Fig. 2 is a schematic diagram of a framework of a bi-directional GAN model according to the invention.
Fig. 3 is a schematic diagram of the structure of a generator of the bi-directional GAN model according to the invention.
Fig. 4 is a schematic structural diagram of a morphology discriminator of the bidirectional GAN model according to the invention.
Fig. 5 is a schematic structural diagram of a semantic arbiter of a bi-directional GAN model according to the present invention.
In the figure: 11-forward generator, 12-backward generator, 21-backward semantic discriminant, 22-backward morphology discriminant, 31-forward semantic discriminant, 32-forward morphology discriminant.
Detailed Description
The following description of the embodiments of the present invention will be made clearly and completely with reference to the accompanying drawings, in which it is apparent that the embodiments described are only some embodiments of the present invention, but not all embodiments. All other embodiments, which are derived by a person skilled in the art based on the embodiments of the invention, fall within the scope of protection of the invention.
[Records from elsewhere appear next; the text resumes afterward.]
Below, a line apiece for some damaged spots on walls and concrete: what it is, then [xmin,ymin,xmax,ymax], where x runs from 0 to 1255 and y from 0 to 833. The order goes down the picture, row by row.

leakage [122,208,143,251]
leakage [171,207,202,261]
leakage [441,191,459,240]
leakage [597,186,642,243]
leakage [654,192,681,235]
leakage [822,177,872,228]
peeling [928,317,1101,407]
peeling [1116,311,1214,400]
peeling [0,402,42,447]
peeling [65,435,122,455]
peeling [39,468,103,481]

It should be appreciated that embodiments of the invention may be implemented or realized by computer hardware, a combination of hardware and software, or by computer instructions stored in a non-transitory computer readable memory. The methods may be implemented in a computer program using standard programming techniques, including a non-transitory computer readable storage medium configured with a computer program, where the storage medium so configured causes a computer to operate in a specific and predefined manner, in accordance with the methods and drawings described in the specific embodiments. Each program may be implemented in a high level procedural or object oriented programming language to communicate with a computer system. However, the program(s) can be implemented in assembly or machine language, if desired. In any case, the language may be a compiled or interpreted language. Furthermore, the program can be run on a programmed application specific integrated circuit for this purpose.
Furthermore, the operations of the processes described herein may be performed in any suitable order unless otherwise indicated herein or otherwise clearly contradicted by context. The processes (or variations and/or combinations thereof) described herein may be performed under control of one or more computer systems configured with executable instructions, and may be implemented as code (e.g., executable instructions, one or more computer programs, or one or more applications), by hardware, or combinations thereof, collectively executing on one or more processors. The computer program includes a plurality of instructions executable by one or more processors.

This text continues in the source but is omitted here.